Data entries
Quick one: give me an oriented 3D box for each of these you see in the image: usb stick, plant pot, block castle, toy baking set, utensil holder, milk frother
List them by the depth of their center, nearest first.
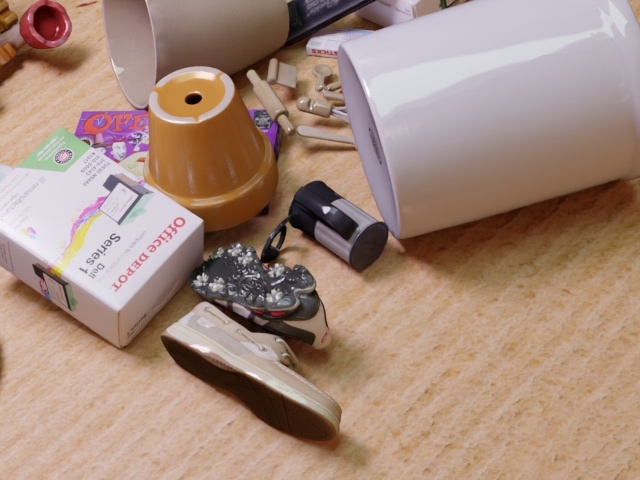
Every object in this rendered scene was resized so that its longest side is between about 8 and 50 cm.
[{"bbox_3d":[0.250,-0.196,1.799,0.385,0.327,0.327,-17,48,-3],"label":"utensil holder"},{"bbox_3d":[0.000,0.000,1.817,0.135,0.129,0.143,35,104,33],"label":"milk frother"},{"bbox_3d":[-0.177,-0.150,1.843,0.205,0.188,0.205,-5,48,5],"label":"plant pot"},{"bbox_3d":[-0.002,-0.228,2.022,0.197,0.030,0.256,-9,47,-23],"label":"toy baking set"},{"bbox_3d":[-0.660,-0.338,2.040,0.213,0.303,0.453,-10,33,50],"label":"block castle"},{"bbox_3d":[-0.202,-0.371,2.099,0.274,0.256,0.256,-12,45,-25],"label":"plant pot"},{"bbox_3d":[0.034,-0.425,2.138,0.278,0.045,0.077,-24,76,25],"label":"usb stick"}]

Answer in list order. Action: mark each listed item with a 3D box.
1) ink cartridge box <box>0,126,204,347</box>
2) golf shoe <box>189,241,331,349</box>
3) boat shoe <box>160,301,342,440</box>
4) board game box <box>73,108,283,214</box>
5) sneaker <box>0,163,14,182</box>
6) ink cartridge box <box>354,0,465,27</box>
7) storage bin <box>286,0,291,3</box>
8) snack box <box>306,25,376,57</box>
[{"bbox_3d":[-0.336,-0.007,1.800,0.278,0.117,0.201,33,59,13],"label":"ink cartridge box"},{"bbox_3d":[-0.091,0.085,1.744,0.105,0.120,0.273,-42,32,-19],"label":"golf shoe"},{"bbox_3d":[-0.081,0.168,1.658,0.302,0.109,0.098,24,57,34],"label":"boat shoe"},{"bbox_3d":[-0.243,-0.130,1.994,0.347,0.056,0.208,0,44,9],"label":"board game box"},{"bbox_3d":[-0.568,-0.054,1.939,0.256,0.094,0.151,14,45,33],"label":"sneaker"},{"bbox_3d":[0.178,-0.473,2.208,0.160,0.092,0.219,31,60,32],"label":"ink cartridge box"},{"bbox_3d":[-0.189,-0.551,2.227,0.262,0.260,0.123,-6,43,3],"label":"storage bin"},{"bbox_3d":[0.069,-0.344,2.156,0.178,0.022,0.064,9,49,17],"label":"snack box"}]

Work to be completed —
Each line from the one containing "6) ink cartridge box <box>354,0,465,27</box>" through the end of the entries, both included, is to be returned exactly, with no other lines.

Expected answer —
6) ink cartridge box <box>354,0,465,27</box>
7) storage bin <box>286,0,291,3</box>
8) snack box <box>306,25,376,57</box>
[{"bbox_3d":[-0.336,-0.007,1.800,0.278,0.117,0.201,33,59,13],"label":"ink cartridge box"},{"bbox_3d":[-0.091,0.085,1.744,0.105,0.120,0.273,-42,32,-19],"label":"golf shoe"},{"bbox_3d":[-0.081,0.168,1.658,0.302,0.109,0.098,24,57,34],"label":"boat shoe"},{"bbox_3d":[-0.243,-0.130,1.994,0.347,0.056,0.208,0,44,9],"label":"board game box"},{"bbox_3d":[-0.568,-0.054,1.939,0.256,0.094,0.151,14,45,33],"label":"sneaker"},{"bbox_3d":[0.178,-0.473,2.208,0.160,0.092,0.219,31,60,32],"label":"ink cartridge box"},{"bbox_3d":[-0.189,-0.551,2.227,0.262,0.260,0.123,-6,43,3],"label":"storage bin"},{"bbox_3d":[0.069,-0.344,2.156,0.178,0.022,0.064,9,49,17],"label":"snack box"}]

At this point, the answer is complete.